ABOUT THIS TASK –
Reproduce each line from the records that holds "berichten".

————————

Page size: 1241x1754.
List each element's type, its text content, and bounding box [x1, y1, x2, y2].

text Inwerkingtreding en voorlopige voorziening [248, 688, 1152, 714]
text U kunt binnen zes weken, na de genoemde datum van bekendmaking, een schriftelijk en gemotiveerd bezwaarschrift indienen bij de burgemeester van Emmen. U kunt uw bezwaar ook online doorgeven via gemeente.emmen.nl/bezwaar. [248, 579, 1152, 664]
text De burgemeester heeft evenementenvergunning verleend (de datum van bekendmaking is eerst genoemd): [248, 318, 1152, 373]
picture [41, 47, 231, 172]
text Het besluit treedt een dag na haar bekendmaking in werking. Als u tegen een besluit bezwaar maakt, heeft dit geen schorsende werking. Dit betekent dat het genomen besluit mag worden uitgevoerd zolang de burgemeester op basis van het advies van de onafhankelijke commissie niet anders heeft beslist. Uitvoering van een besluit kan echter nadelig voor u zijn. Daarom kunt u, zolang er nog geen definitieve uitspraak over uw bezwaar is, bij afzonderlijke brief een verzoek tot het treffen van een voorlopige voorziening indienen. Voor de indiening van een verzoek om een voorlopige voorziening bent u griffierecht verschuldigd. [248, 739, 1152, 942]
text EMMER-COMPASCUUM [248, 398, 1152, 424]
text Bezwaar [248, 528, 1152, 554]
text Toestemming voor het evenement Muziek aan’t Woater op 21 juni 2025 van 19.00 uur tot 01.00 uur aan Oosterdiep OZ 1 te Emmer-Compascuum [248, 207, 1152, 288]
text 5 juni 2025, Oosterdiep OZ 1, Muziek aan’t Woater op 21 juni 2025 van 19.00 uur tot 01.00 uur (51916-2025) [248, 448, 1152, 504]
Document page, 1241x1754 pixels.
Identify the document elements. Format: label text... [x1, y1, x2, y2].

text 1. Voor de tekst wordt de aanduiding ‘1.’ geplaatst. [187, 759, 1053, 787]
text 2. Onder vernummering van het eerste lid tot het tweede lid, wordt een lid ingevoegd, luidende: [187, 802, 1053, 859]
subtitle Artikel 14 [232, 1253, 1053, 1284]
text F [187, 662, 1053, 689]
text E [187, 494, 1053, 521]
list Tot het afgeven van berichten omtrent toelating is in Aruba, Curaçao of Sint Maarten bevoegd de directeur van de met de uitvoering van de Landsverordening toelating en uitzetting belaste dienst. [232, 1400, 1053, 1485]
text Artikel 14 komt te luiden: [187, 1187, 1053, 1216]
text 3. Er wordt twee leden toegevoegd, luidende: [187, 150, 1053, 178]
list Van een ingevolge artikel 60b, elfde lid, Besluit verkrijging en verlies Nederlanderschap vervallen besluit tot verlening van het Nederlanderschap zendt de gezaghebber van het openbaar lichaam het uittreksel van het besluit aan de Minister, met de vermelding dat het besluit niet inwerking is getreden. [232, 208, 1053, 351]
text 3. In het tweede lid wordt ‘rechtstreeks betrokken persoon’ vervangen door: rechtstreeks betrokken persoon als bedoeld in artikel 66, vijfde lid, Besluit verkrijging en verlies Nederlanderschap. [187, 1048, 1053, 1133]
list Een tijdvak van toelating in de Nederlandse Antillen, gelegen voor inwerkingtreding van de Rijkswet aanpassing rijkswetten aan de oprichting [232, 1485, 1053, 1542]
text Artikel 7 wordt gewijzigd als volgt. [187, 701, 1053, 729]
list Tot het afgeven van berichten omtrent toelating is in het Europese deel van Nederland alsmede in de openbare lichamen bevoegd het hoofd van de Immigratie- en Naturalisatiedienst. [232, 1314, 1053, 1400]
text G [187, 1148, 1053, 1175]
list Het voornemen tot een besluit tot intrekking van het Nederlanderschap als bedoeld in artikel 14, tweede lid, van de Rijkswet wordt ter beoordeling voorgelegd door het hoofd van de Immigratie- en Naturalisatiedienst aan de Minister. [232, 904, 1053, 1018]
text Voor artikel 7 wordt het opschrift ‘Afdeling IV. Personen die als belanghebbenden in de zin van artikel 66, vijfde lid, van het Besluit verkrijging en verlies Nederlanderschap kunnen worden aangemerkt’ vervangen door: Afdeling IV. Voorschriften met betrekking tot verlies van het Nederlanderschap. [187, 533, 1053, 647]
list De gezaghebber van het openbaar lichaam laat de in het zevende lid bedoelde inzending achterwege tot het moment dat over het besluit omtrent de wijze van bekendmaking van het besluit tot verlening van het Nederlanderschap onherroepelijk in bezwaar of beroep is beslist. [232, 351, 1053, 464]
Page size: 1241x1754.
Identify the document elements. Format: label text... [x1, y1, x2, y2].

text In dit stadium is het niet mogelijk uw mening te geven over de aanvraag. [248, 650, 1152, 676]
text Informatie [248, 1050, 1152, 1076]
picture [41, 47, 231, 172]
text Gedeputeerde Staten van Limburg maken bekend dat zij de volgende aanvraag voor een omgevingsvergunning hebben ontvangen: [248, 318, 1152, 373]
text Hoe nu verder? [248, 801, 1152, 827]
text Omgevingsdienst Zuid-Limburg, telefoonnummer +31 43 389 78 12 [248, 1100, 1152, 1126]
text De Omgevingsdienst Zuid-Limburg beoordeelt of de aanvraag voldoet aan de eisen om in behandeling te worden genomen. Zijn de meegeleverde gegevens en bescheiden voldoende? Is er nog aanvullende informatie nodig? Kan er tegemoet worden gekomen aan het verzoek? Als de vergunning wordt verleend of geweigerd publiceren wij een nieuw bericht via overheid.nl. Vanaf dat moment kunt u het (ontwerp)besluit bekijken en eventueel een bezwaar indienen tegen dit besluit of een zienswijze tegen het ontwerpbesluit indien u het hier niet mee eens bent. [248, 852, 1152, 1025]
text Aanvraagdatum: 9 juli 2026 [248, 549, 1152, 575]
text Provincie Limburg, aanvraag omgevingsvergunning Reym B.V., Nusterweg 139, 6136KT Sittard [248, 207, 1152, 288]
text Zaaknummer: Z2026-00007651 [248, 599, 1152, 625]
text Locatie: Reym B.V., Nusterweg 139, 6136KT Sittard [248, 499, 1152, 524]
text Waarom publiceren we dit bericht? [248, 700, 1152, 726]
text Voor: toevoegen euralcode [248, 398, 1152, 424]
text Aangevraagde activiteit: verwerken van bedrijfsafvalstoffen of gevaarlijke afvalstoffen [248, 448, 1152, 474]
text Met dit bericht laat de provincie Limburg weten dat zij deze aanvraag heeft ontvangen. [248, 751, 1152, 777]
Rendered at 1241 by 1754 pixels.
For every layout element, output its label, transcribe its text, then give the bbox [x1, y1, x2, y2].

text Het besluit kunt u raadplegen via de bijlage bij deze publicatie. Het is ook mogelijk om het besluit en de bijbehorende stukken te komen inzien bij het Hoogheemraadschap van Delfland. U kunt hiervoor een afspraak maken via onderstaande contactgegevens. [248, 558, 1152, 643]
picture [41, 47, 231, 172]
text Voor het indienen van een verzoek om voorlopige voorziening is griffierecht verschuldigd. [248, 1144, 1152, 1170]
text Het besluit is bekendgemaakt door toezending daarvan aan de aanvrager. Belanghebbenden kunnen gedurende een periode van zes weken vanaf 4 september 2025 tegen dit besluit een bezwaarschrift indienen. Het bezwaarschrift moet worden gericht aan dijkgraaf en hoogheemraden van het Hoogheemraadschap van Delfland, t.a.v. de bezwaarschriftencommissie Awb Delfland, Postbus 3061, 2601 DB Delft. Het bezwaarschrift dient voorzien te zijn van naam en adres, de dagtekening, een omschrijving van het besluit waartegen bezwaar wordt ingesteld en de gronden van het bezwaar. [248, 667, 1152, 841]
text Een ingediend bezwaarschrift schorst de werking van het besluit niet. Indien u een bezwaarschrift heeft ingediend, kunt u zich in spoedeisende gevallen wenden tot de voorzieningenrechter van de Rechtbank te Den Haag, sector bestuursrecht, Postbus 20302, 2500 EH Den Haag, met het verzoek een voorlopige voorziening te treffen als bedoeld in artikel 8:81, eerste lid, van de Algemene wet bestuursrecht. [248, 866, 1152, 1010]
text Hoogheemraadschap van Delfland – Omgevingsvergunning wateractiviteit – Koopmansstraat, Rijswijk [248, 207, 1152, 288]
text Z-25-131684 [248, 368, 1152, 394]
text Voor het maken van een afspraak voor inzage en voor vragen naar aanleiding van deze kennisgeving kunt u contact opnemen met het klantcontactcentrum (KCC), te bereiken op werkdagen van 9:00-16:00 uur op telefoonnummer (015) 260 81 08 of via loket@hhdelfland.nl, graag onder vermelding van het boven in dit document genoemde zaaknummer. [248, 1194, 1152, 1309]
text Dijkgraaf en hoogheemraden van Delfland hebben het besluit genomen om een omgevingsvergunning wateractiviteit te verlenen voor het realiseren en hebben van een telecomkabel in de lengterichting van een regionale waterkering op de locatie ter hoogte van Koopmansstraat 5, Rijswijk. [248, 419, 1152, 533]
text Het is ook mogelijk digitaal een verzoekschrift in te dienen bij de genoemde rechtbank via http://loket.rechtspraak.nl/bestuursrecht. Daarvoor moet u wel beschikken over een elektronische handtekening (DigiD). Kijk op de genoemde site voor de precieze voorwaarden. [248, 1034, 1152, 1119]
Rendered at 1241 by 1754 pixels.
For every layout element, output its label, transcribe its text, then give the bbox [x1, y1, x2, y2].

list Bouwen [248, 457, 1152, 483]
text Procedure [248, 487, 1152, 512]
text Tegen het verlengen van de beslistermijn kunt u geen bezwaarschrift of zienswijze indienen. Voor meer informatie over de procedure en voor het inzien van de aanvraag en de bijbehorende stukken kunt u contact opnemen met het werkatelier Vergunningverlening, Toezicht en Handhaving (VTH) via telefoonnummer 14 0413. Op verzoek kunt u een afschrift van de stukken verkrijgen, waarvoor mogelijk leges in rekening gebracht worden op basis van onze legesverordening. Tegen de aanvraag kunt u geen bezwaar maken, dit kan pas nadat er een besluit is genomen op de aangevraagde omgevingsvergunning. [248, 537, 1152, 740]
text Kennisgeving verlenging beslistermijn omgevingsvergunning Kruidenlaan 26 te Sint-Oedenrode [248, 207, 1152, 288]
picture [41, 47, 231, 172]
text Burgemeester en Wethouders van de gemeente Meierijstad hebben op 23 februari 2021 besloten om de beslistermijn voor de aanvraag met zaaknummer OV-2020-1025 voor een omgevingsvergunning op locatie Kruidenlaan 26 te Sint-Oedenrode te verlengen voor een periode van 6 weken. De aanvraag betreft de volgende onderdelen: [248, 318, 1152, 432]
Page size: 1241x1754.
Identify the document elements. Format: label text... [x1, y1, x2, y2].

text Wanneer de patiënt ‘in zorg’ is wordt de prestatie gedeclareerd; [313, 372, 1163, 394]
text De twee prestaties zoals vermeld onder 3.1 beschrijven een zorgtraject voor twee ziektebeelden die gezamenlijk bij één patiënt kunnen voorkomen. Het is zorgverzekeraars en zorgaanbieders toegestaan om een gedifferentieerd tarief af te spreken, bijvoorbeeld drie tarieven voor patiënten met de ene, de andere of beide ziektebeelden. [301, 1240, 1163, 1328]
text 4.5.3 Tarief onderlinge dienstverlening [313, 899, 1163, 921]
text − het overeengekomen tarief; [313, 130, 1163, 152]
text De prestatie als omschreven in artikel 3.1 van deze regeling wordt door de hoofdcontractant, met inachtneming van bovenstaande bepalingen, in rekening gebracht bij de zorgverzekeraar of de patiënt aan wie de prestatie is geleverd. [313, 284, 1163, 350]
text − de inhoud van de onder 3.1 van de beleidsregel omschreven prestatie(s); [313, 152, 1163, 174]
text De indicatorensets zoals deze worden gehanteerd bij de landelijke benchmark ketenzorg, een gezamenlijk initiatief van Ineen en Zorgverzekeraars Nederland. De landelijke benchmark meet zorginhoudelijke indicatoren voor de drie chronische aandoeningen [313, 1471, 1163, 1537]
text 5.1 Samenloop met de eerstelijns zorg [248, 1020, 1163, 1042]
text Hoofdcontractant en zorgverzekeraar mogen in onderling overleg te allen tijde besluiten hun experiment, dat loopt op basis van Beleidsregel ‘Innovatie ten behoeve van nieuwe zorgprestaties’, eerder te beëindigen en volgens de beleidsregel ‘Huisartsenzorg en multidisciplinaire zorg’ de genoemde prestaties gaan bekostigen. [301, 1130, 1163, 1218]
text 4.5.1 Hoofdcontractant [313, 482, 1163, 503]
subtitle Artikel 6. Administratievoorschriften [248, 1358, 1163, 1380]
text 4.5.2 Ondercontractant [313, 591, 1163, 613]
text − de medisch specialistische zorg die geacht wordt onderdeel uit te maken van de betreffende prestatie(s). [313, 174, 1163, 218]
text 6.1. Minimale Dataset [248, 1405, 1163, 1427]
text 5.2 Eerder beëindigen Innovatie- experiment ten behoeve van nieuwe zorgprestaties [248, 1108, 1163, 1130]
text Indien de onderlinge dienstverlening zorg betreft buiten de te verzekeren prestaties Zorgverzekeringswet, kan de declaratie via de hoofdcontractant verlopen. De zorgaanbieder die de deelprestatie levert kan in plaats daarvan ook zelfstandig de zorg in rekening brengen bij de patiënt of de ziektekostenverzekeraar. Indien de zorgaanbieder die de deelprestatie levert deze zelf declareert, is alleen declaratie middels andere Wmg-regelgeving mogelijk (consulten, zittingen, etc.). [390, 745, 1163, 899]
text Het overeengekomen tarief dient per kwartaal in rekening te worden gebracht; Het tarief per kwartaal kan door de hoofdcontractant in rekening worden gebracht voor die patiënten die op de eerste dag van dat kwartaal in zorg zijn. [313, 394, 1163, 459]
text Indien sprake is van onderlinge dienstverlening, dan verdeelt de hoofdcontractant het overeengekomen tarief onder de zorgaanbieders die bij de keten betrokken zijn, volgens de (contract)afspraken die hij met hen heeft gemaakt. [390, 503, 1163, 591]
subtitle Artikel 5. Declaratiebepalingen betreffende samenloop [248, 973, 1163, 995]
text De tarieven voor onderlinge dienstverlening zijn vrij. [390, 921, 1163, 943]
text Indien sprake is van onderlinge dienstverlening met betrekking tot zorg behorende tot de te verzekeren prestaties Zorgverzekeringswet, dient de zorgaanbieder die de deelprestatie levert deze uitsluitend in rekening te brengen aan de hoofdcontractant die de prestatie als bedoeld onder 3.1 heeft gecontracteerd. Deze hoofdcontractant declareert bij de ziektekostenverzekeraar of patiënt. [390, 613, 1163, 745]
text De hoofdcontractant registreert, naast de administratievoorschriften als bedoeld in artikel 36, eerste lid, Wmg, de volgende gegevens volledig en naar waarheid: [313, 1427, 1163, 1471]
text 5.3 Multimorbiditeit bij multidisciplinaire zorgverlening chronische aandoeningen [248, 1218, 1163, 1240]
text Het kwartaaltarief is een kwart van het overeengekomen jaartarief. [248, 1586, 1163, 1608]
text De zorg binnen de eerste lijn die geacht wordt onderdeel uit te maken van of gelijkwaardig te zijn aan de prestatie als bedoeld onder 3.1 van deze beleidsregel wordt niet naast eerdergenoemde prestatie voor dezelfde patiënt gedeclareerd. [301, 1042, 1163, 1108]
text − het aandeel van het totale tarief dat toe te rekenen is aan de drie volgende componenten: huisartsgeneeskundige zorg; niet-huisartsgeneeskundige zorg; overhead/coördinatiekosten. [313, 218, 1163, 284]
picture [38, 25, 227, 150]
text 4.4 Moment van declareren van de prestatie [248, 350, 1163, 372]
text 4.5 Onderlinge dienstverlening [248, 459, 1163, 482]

————————

EXERCISE ANSWER –
list Tot het afgeven van berichten omtrent toelating is in Aruba, Curaçao of Sint Maarten bevoegd de directeur van de met de uitvoering van de Landsverordening toelating en uitzetting belaste dienst. [232, 1400, 1053, 1485]
list Tot het afgeven van berichten omtrent toelating is in het Europese deel van Nederland alsmede in de openbare lichamen bevoegd het hoofd van de Immigratie- en Naturalisatiedienst. [232, 1314, 1053, 1400]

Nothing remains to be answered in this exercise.